The Pazopanib Trial in Renal Cell Carcinoma
The pazopanib trial refers to a pivotal phase III, open-label, international, multicenter study that demonstrated pazopanib 800 mg orally daily significantly improved progression-free survival (PFS) compared to placebo in patients with advanced clear cell RCC, establishing it as a standard first-line treatment option. 1
Key Trial Design and Population
The landmark trial evaluated pazopanib versus placebo in 435 patients with advanced clear cell RCC who had received 0-1 prior treatments 1. The study included both treatment-naïve patients and those previously treated with cytokines 1.
Primary Efficacy Results
Treatment-Naïve Patients
- Objective response rate: 32% 2
- Median PFS: 11.1 months 2
- PFS was significantly longer with pazopanib versus placebo in this subpopulation 1
Cytokine-Pretreated Patients
- Objective response rate: 29% 2
- Median PFS: 7.4 months versus 4.2 months with placebo 1
- This established pazopanib as a category 1 recommendation after cytokine therapy 1
Overall Survival
- No significant difference in overall survival was observed between pazopanib and placebo groups 1
- This represents an important limitation of the trial findings, as the survival benefit did not materialize despite PFS improvements 1
Mechanism of Action
Pazopanib is an oral multitargeted tyrosine kinase inhibitor that works primarily through antiangiogenic properties by inhibiting 1, 2:
- Vascular endothelial growth factor receptors (VEGFR-1, -2, and -3)
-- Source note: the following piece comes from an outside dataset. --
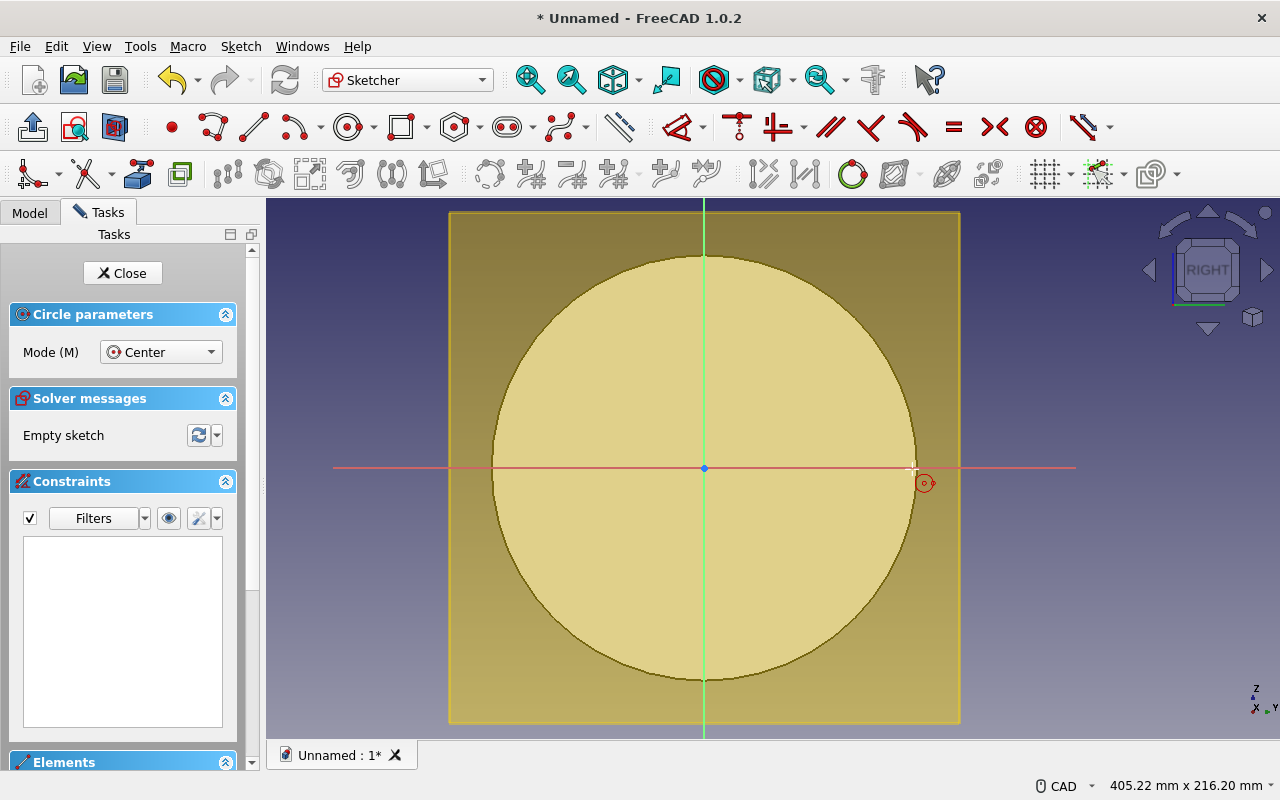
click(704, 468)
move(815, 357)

- Platelet-derived growth factor receptor-α and -β (PDGFR-α and -β)
- Stem cell factor receptor (c-KIT)
Safety Profile and Critical Toxicities
Most Common Adverse Events (≥20%)
The trial identified the following frequent adverse reactions 3:
- Diarrhea (52%)
- Hypertension (40%)
- Hair color changes (38%)
- Nausea (26%)
- Anorexia (22%)
- Vomiting (21%)
- Fatigue (19%)
Critical Grade 3/4 Toxicities Requiring Monitoring
Hepatotoxicity is the most notable severe toxicity, with elevated alanine transaminase (ALT) in 30% and aspartate transaminase (AST) in 21% of patients 1, 4. This mandates:
- Liver function monitoring before treatment initiation
- Regular monitoring during treatment
- Dose interruption, reduction, or discontinuation based on severity 1, 4
Other serious adverse events include cardiac rhythm irregularities, requiring appropriate monitoring 4.
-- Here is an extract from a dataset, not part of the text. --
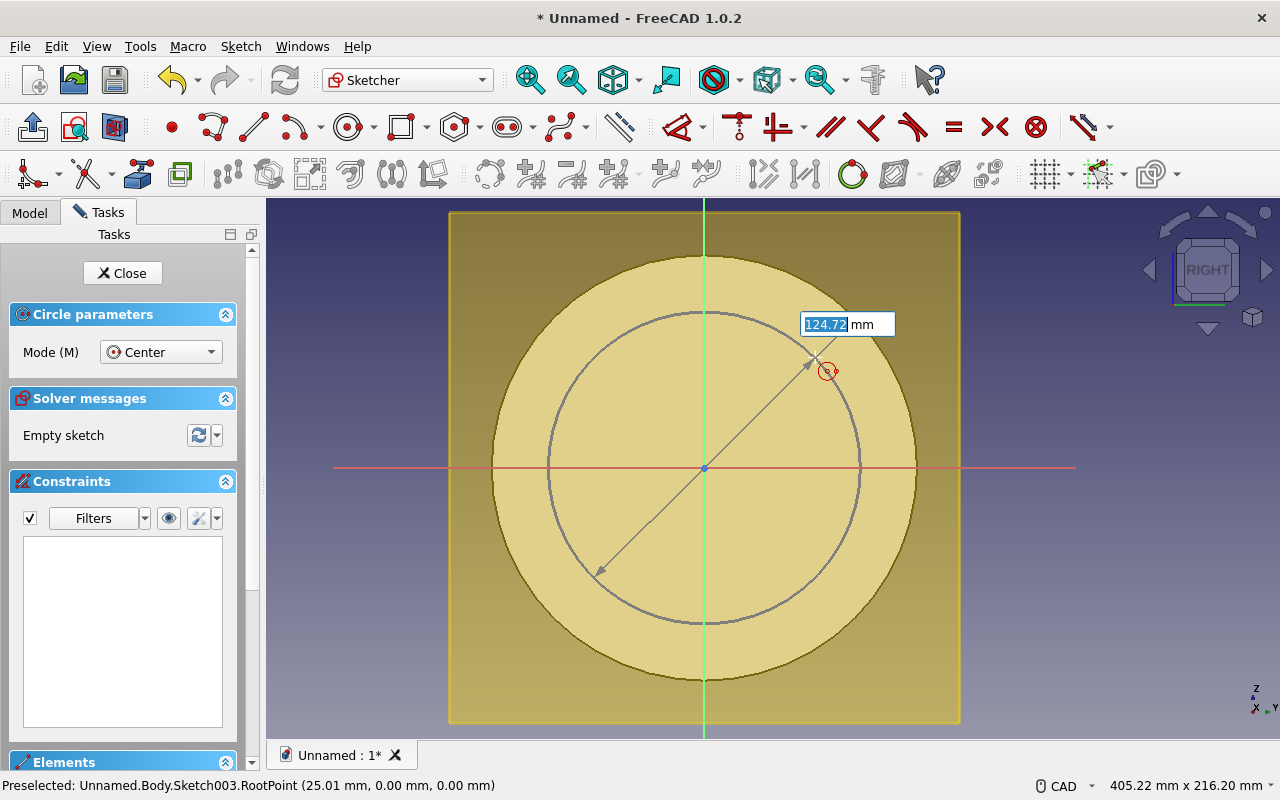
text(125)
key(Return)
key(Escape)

Comparative Efficacy: COMPARZ Trial
The COMPARZ noninferiority study directly compared pazopanib with sunitinib and demonstrated 1:
- Similar safety and efficacy between the two agents
- Pazopanib was noninferior to sunitinib for PFS 5
- Pazopanib showed superior health-related quality of life compared to sunitinib, with lower incidences of fatigue, hand-foot syndrome, and stomatitis 5
- Significantly more patients preferred pazopanib over sunitinib, primarily due to better overall quality of life and less fatigue 5
Current Treatment Recommendations
Based on the trial data, NCCN guidelines list pazopanib as 1:
- Category 2A, other recommended regimen for patients with clear cell RCC across all risk groups (favorable, intermediate, and poor risk)
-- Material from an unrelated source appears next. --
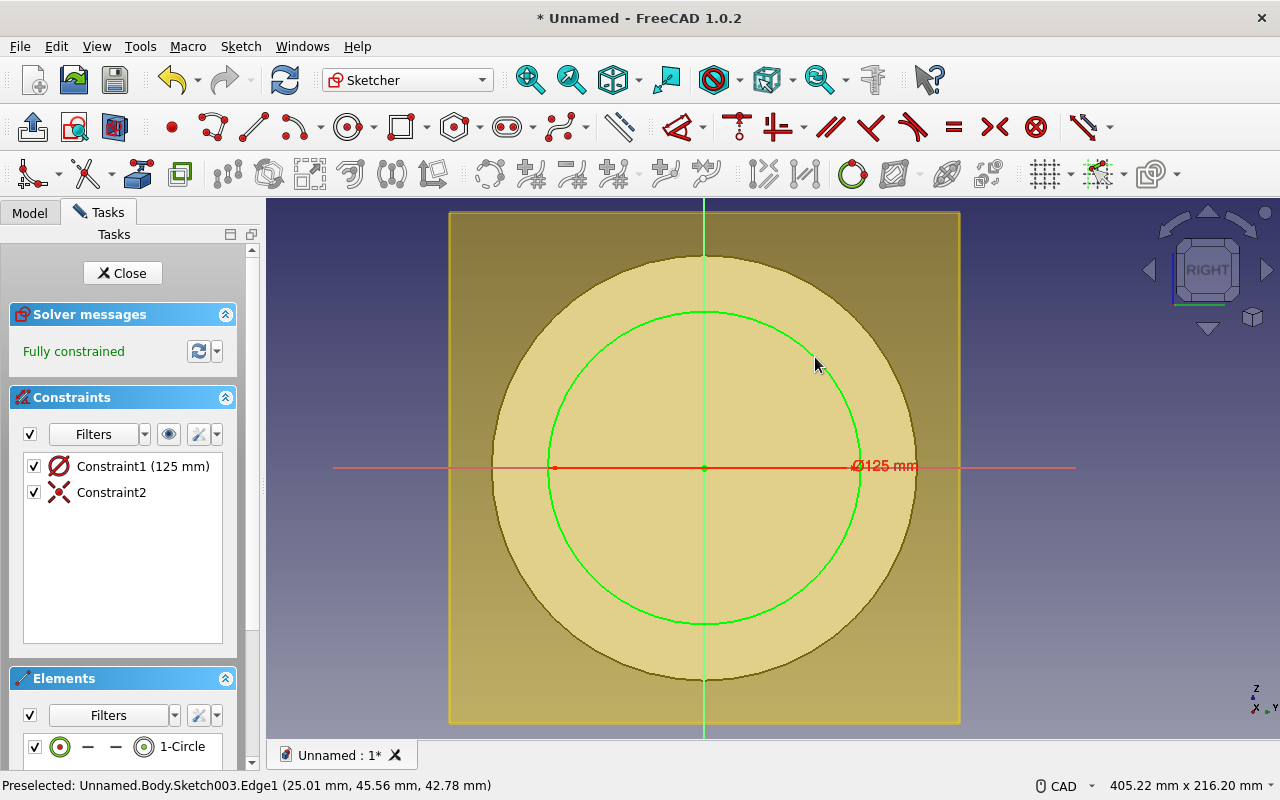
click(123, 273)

- Category 1 recommendation after cytokine therapy 1
- Category 3 recommendation after tyrosine kinase inhibitor failure (no data available in this setting) 1
The Adjuvant PROTECT Trial
A separate phase III trial (PROTECT, NCT01235962) evaluated adjuvant pazopanib versus placebo after nephrectomy in patients with locally advanced RCC at high risk of relapse 6, 7. This trial was negative:
- No significant difference in disease-free survival (HR 0.86; 95% CI 0.70-1.06; P=0.165) for pazopanib 600 mg versus placebo 7
- No significant difference in overall survival (HR 1.0; 95% CI 0.80-1.26) 6
- High rates of treatment discontinuation due to hepatotoxicity (ALT elevation: 16% at 600 mg, 18% at 800 mg) 7
- Pazopanib is not recommended as adjuvant therapy following resection of locally advanced RCC 6
Clinical Practice Implications
Pazopanib 800 mg orally once daily remains a valid first-line treatment option for advanced clear cell RCC across all risk groups, particularly when quality of life considerations favor its use over sunitinib 1, 5. However, the lack of overall survival benefit and significant hepatotoxicity risk require careful patient selection and vigilant monitoring 1, 6.
The drug must be administered on an empty stomach (at least 1 hour before or 2 hours after a meal), with dose reductions to 200 mg daily for patients with moderate hepatic impairment 3.